| MATERIALS PROVIDED |

────────────────

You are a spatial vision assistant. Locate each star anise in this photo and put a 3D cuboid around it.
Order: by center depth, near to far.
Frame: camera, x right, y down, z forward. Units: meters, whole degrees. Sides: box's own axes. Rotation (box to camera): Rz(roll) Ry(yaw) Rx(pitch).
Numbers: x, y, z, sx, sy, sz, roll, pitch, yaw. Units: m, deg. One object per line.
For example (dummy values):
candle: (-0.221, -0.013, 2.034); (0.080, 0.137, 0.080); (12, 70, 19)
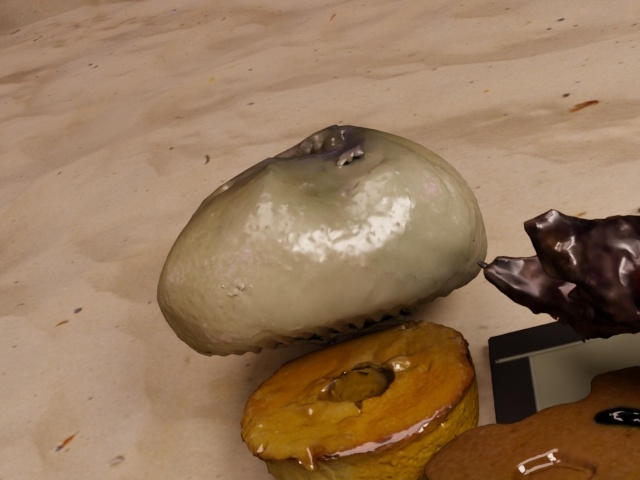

────────────────

Without the pictures, return each entry exactly as given.

You are a spatial vision assistant. Locate each star anise in this photo and put a 3D cuboid around it.
Order: by center depth, near to far.
Frame: camera, x right, y down, z forward. Units: meters, whole degrees. Sides: box's own axes. Rotation (box to camera): Rz(roll) Ry(yaw) Rx(pitch).
Numbers: x, y, z, sx, sy, sz, roll, pitch, yaw. Units: m, deg. One object per line.
For example (dummy values):
candle: (-0.221, -0.013, 2.034); (0.080, 0.137, 0.080); (12, 70, 19)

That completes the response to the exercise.